Berjaya’s proposed restructuring to give clearer business valuation

Many conglomerates are becoming more specific with their businesses, says CEO


Berjaya Group’s proposed restructuring, as announced by founder and substantial shareholder Tan Sri Vincent Tan (picture), is expected to provide more clarity to investors and fund managers on the value of each business within the conglomerate.

Areca Capital Sdn Bhd CEO and ED Danny Wong Teck Meng said many conglomerates are becoming more specific with their businesses.

“It attracts investors and gives clarity in buying shares. Some investors like certain businesses within the group, but do not want the exposure to other businesses that could drag the performance,” he told The Malaysian Reserve (TMR).

Wong said a conglomerate is more difficult to be evaluated and any split would help investors to choose which stocks to invest in and maximise results.

He added that a potential restructuring exercise of Berjaya into individual businesses would be along the lines of what Sime Darby Group did with its plantation and property units last year.

Tan said the proposed corporate exercise would see the privatisation of convenience chain store operator 7-Eleven Malaysia Holdings Bhd and property and hotel business arm Berjaya Land Bhd (BLand).

The 66-year-old business tycoon also plans to float mobile telecommunications service provider U Mobile Sdn Bhd on Bursa Malaysia, while the hotel business of BLand is envisioned to be listed on the Singapore Exchange next year.

Additionally, Tan said his flagship Berjaya Corp Bhd (BCorp) is working on a deal to sell its Four Seasons Hotel and Residences Kyoto in Japan for about US$700 million-US$800 million (RM3.34 billion) for a profit of US$400 million.

Tan’s locally listed companies include BCorp, 7-Eleven Malaysia, BLand, Berjaya Sports Toto Bhd, Berjaya Food Bhd, REDtone International Bhd, Berjaya Media Bhd (BMedia) and Berjaya Assets Bhd.

MIDF Amanah Investment Bank Bhd head of research Mohd Redza Abdul Rahman said a break-up basis is positive because there will be no more conglomerate discounts on BCorp’s share price.

“Each will be pegged near to its peers and maybe better, if these entities are market leaders,” Mohd Redza told TMR.

Tan said 7-Eleven Malaysia is currently undervalued compared to the 7-Eleven convenience store operator in Thailand, CP All pcl.

7-Eleven Malaysia’s share price closed one sen or 0.79% higher at RM1.28 yesterday.

The price level is, however, at a 15-month low for the convenience store chain operator.

BCorp’s share price edged 1.82% or half-a-sen more to 28 sen at yesterday’s close, giving it a market capitalisation of RM1.35 billion.

The stocks were actively traded yesterday, with 35.2 million shares changing hands at a combined value of RM9.92 million.

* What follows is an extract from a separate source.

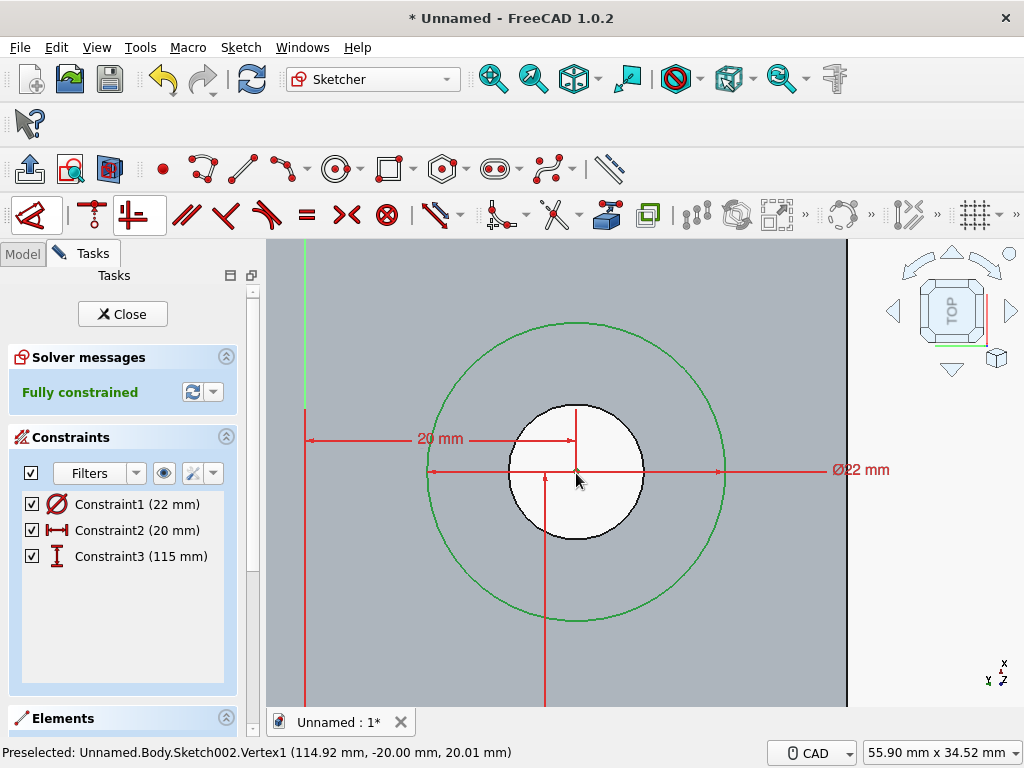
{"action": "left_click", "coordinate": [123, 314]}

Tan said he intends to sell his 46% stake in 7-Eleven Malaysia to BCorp, followed by a takeover offer to buy out the company.

Tan said he would also inject one of his profitable privately owned businesses into BMedia as part of the regularisation plan for the Practice Note 17 company.

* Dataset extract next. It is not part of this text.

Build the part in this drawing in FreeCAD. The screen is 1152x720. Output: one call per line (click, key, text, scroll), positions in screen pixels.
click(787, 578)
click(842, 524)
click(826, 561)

The publisher of The Sun daily said the core business of BMedia would eventually change on the back of the challenging print business today.

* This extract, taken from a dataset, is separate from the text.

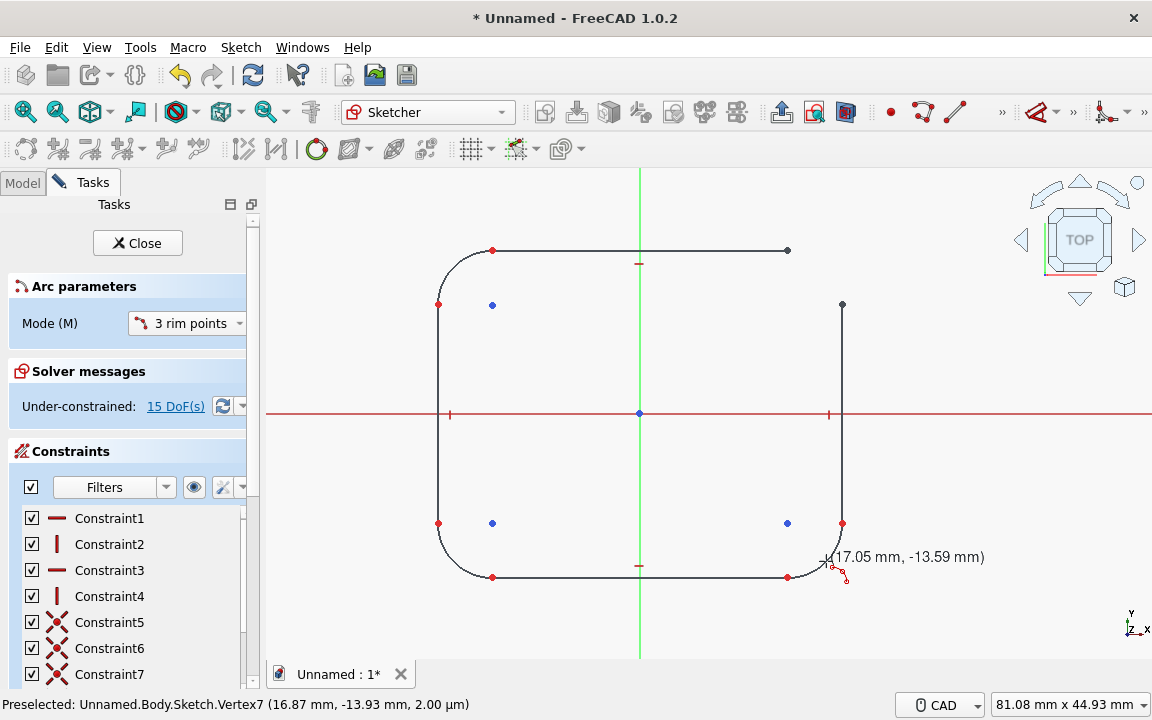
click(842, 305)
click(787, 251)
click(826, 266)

Meanwhile, BCorp and 7-Eleven Malaysia clarified on Bursa Malaysia yesterday that the proposed restructuring plans are the personal ideas and strategies of Tan — who is deemed as a controlling major shareholder of the group.

The boards of directors of both companies are not aware of, and have not deliberated on any of the plans or proposals, including the delistings of 7-Eleven Malaysia and BLand.

In addition, BCorp clarified that it is still in negotiations with potential buyers for the possible sale of its Four Seasons Hotel in Kyoto and has not entered into any definitive agreement.

Separately, BL and announced in an exchange filing yesterday that it narrowed its net loss to RM1.77 million in the second quarter ended Oct 31, 2018, from a net loss of RM99.9 million a year ago.

Revenue declined by 6.52% year-on-year to RM1.51 billion — mainly due to lower revenue in gaming by Sports Toto Malaysia Sdn Bhd; lower contribution from HR Owen plc; lower progress billings from the property development segment; and lower hotel and resort occupancy rates.

The company foresees the performance of both the property development, and hotels and resorts business segments to remain satisfactory for the financial year ending 2019.